### WHAT TO DO
The whole listing below is to be copied exactly, with every picture left out.

### STORED DATA
<<<<

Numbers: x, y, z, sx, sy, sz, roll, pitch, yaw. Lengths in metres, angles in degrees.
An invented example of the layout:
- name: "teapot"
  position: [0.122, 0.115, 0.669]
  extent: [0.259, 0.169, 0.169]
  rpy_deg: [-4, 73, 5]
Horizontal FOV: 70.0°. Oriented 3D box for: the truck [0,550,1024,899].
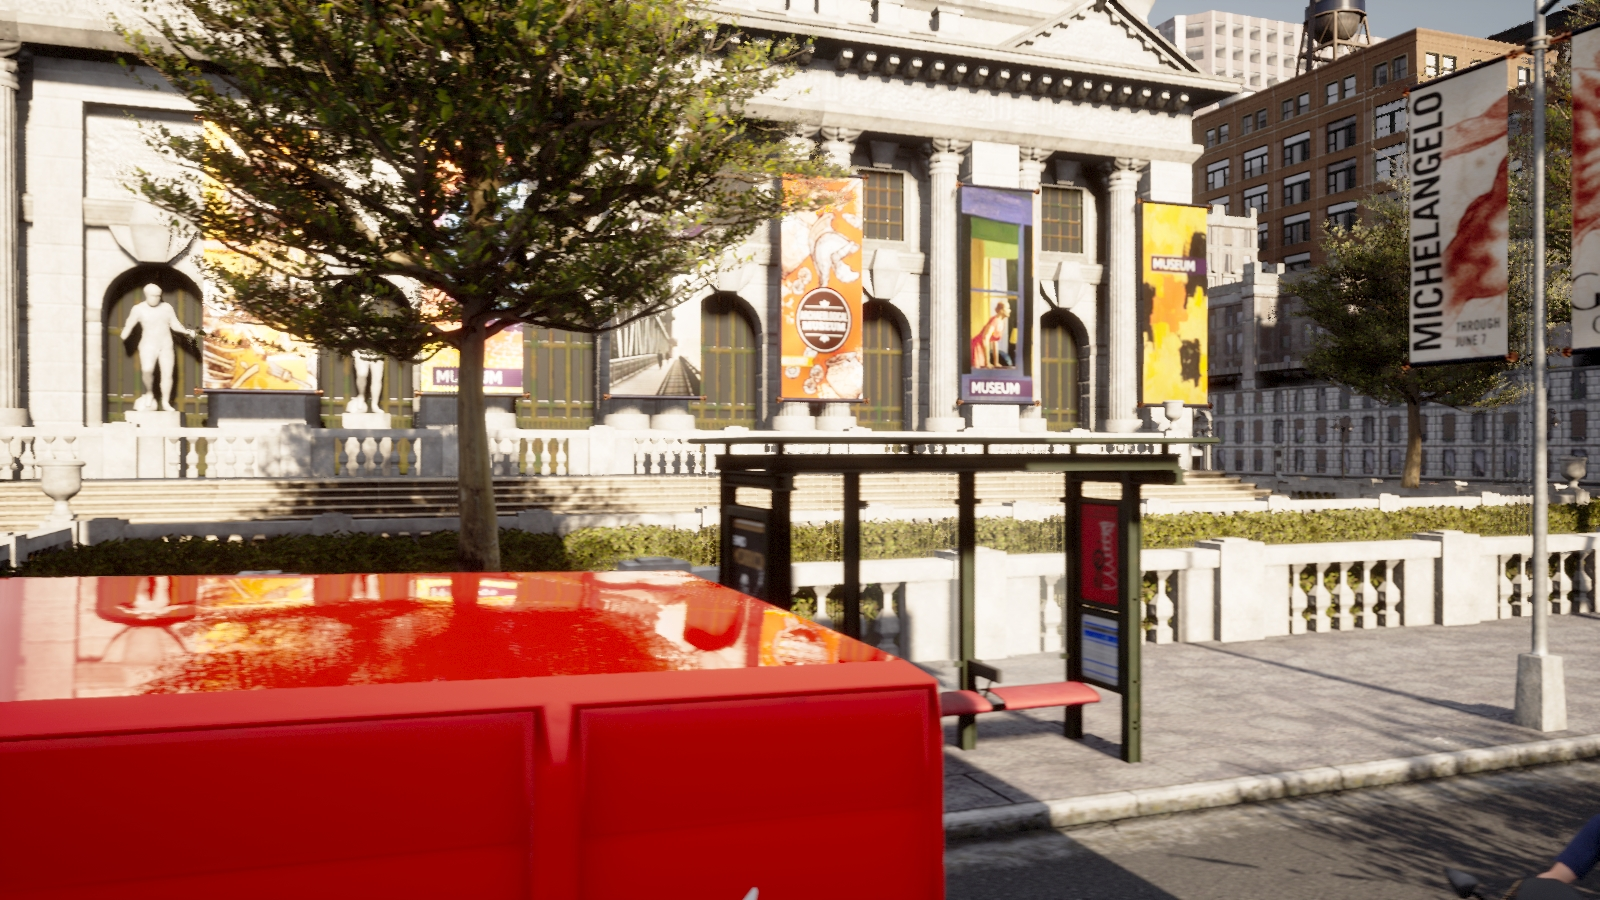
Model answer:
- name: "truck"
  position: [-2.513, 1.583, 2.376]
  extent: [5.204, 2.467, 2.627]
  rpy_deg: [1, 0, -20]

>>>>

### OUTPUT
Numbers: x, y, z, sx, sy, sz, roll, pitch, yaw. Lengths in metres, angles in degrees.
An invented example of the layout:
- name: "teapot"
  position: [0.122, 0.115, 0.669]
  extent: [0.259, 0.169, 0.169]
  rpy_deg: [-4, 73, 5]
Horizontal FOV: 70.0°. Oriented 3D box for: the truck [0,550,1024,899].
Model answer:
- name: "truck"
  position: [-2.513, 1.583, 2.376]
  extent: [5.204, 2.467, 2.627]
  rpy_deg: [1, 0, -20]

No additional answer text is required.